Profile sample data and use it to generate synthetic data.
The term data set refers to a file that contains one or more records.The record is the basic unit of information used by a program
A data set can hold information such as educational records or medical records or insurance records, to be used by a program running on the system. Data sets are also used to store information needed by applications.
Data Discovery and Profiling is the process of identifying and analyzing data and to detect duplicate information to prioritize data cleansing and standardization of data.
It helps you to discover ,organize data and understand what problems exist and what actions need to be taken.
Data Discovery and Profiling helps you to make better decisions to increase profits and improve customer satisfaction .
In this article, we are going to cover the third option of data profiling:
- Why is data profiling important?
- Profiling Data Using Pandas.
- Profiling Data Using CloudTDMS
- Create a stream.
- Generate test data from your input file.
- An outlook
Why is Data Profiling Important?
Data profiling is important for analyzing large amounts of data using a systematic , consistent and repeatable process. It helps a business improve profits and cut waste and why not efficient and accurate data is a profitable business asset.
Data Profiling can eliminate costly errors commonly found in databases e.g, missing cells, duplicate values, unexpected pattern in data etc.
Data Profiling helps in performing data quality assessment,Identifying data types etc.
Profiling Data Using CloudTDMS
CloudTDMS discovery and profiling solutions allows business and IT Users to constantly monitor data available from any existing information source(e.g a database or a file ) and collecting complete statistics i.e. variable types,number of variables ,number of observations(rows of DataFrame), completeness and correctness of data ,missing cells, percentage of missing cells, duplicate rows, percentage of duplicate rows, and total size in memory that helps us to identify if the existing data can be easily used for other purposes.
Advantages of CloudTDMS Profiling
CloudTDMS profiling report is an excellent tool that can offer following benefits:overview, no of variables, no of records, no of cells, missing cells, missing cells percentage,duplicate rows, duplicate rows percentage, correctness, completeness, total size in memory and a sample of your data.

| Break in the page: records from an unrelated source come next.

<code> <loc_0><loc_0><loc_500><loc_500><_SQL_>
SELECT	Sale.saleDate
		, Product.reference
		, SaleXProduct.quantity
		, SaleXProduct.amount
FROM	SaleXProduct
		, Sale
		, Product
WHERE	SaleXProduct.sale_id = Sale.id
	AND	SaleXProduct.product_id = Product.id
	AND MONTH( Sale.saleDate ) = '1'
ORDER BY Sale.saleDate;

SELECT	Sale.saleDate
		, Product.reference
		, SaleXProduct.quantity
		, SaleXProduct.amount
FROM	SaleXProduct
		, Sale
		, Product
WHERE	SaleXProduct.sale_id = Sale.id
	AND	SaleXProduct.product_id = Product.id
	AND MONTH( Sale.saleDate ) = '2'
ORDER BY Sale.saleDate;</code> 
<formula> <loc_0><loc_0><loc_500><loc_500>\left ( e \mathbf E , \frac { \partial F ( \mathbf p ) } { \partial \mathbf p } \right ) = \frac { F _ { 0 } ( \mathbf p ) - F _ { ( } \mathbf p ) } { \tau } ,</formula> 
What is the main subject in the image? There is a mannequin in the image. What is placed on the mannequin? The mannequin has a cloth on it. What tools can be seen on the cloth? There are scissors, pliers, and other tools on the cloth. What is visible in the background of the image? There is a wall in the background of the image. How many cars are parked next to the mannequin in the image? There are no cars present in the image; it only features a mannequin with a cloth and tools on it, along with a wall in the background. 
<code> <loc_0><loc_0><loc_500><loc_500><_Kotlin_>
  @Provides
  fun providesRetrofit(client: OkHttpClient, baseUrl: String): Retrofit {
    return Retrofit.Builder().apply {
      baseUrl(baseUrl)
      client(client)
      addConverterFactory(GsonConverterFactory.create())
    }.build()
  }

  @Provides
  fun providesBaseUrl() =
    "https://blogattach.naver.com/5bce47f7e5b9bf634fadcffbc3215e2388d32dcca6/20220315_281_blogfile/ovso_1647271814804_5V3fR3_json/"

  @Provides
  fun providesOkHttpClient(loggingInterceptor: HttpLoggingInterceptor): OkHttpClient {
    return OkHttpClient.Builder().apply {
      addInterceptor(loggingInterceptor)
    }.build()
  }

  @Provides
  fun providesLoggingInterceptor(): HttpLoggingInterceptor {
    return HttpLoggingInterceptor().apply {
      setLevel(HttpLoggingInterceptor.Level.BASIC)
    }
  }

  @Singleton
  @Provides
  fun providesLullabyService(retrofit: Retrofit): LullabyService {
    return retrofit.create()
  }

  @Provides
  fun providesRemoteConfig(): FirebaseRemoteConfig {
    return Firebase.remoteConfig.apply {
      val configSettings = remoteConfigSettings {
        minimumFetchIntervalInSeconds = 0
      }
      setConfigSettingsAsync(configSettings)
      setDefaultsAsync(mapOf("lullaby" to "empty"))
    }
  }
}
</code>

How to generate profiling report on CloudTDMS?
- Visit CloudTDMS, go to Data menu and click on Data Discovery and Profiling.
- Click on Upload files button and a pop will appear.You have two options here:
- First you can only browse to upload your file and keep the Generate stream checkbox unchecked and click on submit.This way only file will be profiled but you won't be able to generate stream from it.
- Second is after choosing file to profile you check Generate stream checkbox and choose application in which you want to generate your stream and click on submit button to generate stream .This way file will be profiled as well as stream for the same will be generated .
- Check logs for successful execution.
- After execution .html extension will be added to the file name as shown below.
- Click on Profiling report to view your generated report.
Description of the elements analyzed
- Overview
The overview includes number of variables ,number of observations(rows of DataFrame), missing cells, percentage of missing cells, duplicate rows, percentage of duplicate rows, and total size in memory. - Variables
This section of the report is a detailed analysis of variables, columns and features of the datasets.- Numeric Variables It gives information about the distinct values, missing values, min-max ,mean and negative values count.
- String Variables It gives information about the distinct values, distinct percentage, missing, missing percentage, memory size.
Create a stream
Stream is the definition/metadata of the data that we need to generate.We need to create a stream for file that we need to generate data for.
Inside Data Discovery and Profiling . After choosing file to profile check Generate stream and choose application in which you want to generate your stream and click on submit button.
Check logs to see if stream is generated successfully.
Once executed you can go to the same application to check your generated stream.
Generate test data from your input file
To generate data from this stream you have to create a workflow and execute it in order to generate data from it.
Go to the workflows menu and click on Create new button.
Here we will define some parameters for our Workflow.
Application:The name of your application within which your stream exists, Select your application from the list (e.g., 'Generate Profile Report')
NOTE: An application can have multiple streams, All the active streams will be executed by workflow
Storage: For Free Plan (starter), you can use Internal Storage — Select the name of your storage which you created earlier.
NOTE:By default we are providing a local storage where you can store your data
Scheduled At:If you want to generate data on a specific date and time.
NOTE:By default the workflow will be executed at a maximum delay of 1 minute
Your data will be generated after the status of workflow is 'Executed'.
- You can also check logs to see if data is generated successfully.
Once workflow will be executed go to the Data menu and navigate to Data Generated section and will see your file in the section where you can download the file by clicking on it.
An Outlook
This article points out the needs of data profiling, why is data profiling important and explains data profiling reports .At the same time, this article shows how can a user generate profiling reports for their business and also how will you create stream from data profiling report and generate data from it.